■ Instructions for the task
Each line of the data below containing "theta" needs to be listed.

[Extracted records]
──────────────────────────────
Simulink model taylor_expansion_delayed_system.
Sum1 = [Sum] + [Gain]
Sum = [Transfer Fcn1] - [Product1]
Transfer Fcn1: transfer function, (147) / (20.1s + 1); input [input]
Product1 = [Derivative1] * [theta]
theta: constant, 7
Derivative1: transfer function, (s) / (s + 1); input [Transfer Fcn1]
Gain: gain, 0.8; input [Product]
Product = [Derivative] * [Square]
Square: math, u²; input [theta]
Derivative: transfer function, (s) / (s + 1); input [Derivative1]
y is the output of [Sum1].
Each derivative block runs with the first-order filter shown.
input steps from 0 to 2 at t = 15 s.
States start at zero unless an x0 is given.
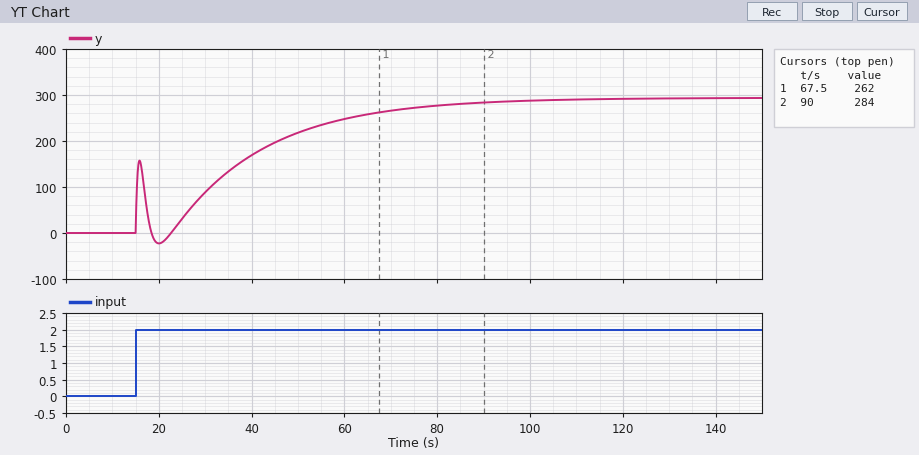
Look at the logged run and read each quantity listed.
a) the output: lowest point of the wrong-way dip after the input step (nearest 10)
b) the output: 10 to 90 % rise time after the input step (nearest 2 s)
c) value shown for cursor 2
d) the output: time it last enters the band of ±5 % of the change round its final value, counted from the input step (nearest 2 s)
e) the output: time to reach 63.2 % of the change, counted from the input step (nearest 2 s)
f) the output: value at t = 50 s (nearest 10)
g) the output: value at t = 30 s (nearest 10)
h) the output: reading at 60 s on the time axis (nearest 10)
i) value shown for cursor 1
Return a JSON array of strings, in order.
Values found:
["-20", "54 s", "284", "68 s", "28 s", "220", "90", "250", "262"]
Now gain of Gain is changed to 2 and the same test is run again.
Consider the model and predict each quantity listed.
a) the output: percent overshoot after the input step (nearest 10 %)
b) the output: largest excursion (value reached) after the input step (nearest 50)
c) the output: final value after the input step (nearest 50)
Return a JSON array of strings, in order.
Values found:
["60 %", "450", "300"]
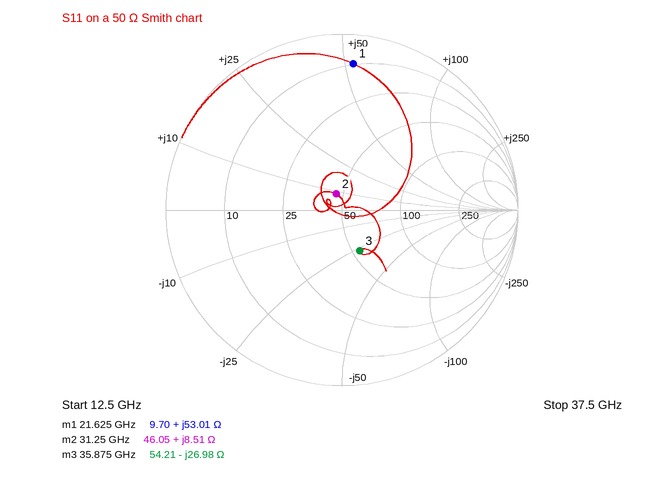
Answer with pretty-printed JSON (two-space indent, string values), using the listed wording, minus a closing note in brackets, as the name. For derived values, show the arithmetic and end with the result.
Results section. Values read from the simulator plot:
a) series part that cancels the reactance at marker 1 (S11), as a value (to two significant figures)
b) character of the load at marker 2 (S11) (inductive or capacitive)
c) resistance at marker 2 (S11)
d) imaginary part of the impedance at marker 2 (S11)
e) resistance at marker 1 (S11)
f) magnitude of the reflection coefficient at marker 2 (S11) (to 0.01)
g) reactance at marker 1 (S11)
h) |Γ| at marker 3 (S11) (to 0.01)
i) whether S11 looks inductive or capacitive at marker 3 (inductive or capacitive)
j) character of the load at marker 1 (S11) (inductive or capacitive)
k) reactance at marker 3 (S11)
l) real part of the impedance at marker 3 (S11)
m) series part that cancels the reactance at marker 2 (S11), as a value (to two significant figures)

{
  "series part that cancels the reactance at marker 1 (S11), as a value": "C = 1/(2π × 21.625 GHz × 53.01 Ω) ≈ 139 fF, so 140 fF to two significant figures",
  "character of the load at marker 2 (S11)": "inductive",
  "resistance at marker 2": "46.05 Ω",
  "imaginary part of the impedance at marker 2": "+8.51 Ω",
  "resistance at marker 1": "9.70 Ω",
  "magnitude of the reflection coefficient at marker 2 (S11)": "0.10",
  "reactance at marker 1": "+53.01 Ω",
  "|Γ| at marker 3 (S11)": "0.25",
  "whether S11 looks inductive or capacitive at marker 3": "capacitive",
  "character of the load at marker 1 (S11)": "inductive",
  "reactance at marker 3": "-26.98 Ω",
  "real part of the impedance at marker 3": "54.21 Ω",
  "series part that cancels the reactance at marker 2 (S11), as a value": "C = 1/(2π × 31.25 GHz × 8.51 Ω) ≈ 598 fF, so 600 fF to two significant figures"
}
──────────────────────────────
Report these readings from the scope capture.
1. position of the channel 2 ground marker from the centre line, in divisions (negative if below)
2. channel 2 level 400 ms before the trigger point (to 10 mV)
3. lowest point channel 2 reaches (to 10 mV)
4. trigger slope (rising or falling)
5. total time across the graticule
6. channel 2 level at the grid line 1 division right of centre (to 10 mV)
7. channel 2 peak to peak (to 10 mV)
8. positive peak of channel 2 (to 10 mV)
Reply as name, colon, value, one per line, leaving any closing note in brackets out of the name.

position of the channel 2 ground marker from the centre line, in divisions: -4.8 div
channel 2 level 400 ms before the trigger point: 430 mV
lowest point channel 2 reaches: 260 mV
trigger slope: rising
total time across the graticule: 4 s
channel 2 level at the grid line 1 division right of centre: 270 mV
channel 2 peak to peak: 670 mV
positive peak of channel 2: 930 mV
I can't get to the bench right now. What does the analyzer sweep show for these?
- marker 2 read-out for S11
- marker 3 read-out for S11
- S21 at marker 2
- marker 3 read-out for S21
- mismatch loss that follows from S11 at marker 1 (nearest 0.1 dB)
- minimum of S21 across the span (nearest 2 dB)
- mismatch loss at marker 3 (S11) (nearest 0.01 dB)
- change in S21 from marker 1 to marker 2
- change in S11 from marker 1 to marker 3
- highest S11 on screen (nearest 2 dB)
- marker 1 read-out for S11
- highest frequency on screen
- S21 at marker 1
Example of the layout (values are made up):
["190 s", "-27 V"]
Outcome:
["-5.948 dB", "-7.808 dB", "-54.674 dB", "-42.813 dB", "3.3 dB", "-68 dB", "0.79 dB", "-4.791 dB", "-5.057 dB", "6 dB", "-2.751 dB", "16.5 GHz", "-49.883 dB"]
──────────────────────────────
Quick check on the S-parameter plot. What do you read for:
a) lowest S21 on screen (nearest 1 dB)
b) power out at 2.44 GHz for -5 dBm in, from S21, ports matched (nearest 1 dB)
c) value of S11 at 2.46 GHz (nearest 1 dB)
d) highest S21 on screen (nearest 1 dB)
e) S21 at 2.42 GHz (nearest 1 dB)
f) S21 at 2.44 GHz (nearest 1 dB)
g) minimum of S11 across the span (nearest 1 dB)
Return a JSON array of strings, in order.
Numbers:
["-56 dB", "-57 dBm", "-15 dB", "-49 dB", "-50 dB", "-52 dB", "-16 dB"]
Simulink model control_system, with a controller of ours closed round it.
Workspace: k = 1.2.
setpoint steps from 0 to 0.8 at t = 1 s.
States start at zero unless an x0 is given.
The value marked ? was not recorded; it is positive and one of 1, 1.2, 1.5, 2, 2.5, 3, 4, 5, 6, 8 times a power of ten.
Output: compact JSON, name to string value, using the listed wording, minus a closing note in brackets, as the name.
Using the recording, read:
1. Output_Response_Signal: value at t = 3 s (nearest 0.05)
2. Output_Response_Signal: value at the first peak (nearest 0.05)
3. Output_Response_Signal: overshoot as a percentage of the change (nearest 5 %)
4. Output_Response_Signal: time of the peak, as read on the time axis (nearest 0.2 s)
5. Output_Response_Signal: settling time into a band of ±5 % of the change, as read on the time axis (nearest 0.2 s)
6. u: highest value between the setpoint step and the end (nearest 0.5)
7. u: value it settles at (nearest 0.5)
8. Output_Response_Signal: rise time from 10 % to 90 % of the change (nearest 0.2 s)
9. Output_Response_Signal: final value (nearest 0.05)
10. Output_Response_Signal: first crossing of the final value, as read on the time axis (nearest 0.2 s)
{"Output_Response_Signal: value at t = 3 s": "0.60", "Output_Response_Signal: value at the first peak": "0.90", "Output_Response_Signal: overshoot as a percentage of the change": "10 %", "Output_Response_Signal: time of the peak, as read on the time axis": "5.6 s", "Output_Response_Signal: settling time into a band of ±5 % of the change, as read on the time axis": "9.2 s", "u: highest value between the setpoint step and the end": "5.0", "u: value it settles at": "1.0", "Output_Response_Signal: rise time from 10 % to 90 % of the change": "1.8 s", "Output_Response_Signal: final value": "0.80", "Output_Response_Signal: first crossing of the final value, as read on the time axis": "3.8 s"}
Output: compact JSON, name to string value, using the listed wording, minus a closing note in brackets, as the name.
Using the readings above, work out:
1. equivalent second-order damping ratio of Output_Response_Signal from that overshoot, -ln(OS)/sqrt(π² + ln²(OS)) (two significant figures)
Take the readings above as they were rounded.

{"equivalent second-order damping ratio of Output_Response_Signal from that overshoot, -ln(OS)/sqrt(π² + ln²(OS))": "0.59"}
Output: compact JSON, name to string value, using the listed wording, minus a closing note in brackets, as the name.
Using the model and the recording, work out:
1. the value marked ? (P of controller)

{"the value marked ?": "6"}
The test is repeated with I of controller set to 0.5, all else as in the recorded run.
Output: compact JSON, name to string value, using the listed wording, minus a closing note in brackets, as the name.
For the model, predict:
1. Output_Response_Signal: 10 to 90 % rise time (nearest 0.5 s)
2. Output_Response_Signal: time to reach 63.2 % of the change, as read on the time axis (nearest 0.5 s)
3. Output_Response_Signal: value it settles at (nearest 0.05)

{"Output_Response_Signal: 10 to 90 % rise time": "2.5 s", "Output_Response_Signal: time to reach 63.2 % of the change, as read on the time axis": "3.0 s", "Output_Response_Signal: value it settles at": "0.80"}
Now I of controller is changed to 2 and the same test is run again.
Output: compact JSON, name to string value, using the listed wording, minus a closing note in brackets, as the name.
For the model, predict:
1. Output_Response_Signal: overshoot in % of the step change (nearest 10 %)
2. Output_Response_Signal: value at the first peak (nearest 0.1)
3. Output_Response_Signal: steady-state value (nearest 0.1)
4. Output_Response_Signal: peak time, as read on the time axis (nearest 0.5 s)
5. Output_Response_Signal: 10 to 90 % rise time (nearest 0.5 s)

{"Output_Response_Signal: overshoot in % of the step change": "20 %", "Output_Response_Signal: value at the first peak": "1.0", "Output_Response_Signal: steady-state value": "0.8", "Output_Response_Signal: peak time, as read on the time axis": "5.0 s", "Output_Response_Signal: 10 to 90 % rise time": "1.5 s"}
──────────────────────────────
■ Your response
Product1 = [Derivative1] * [theta]
theta: constant, 7
Square: math, u²; input [theta]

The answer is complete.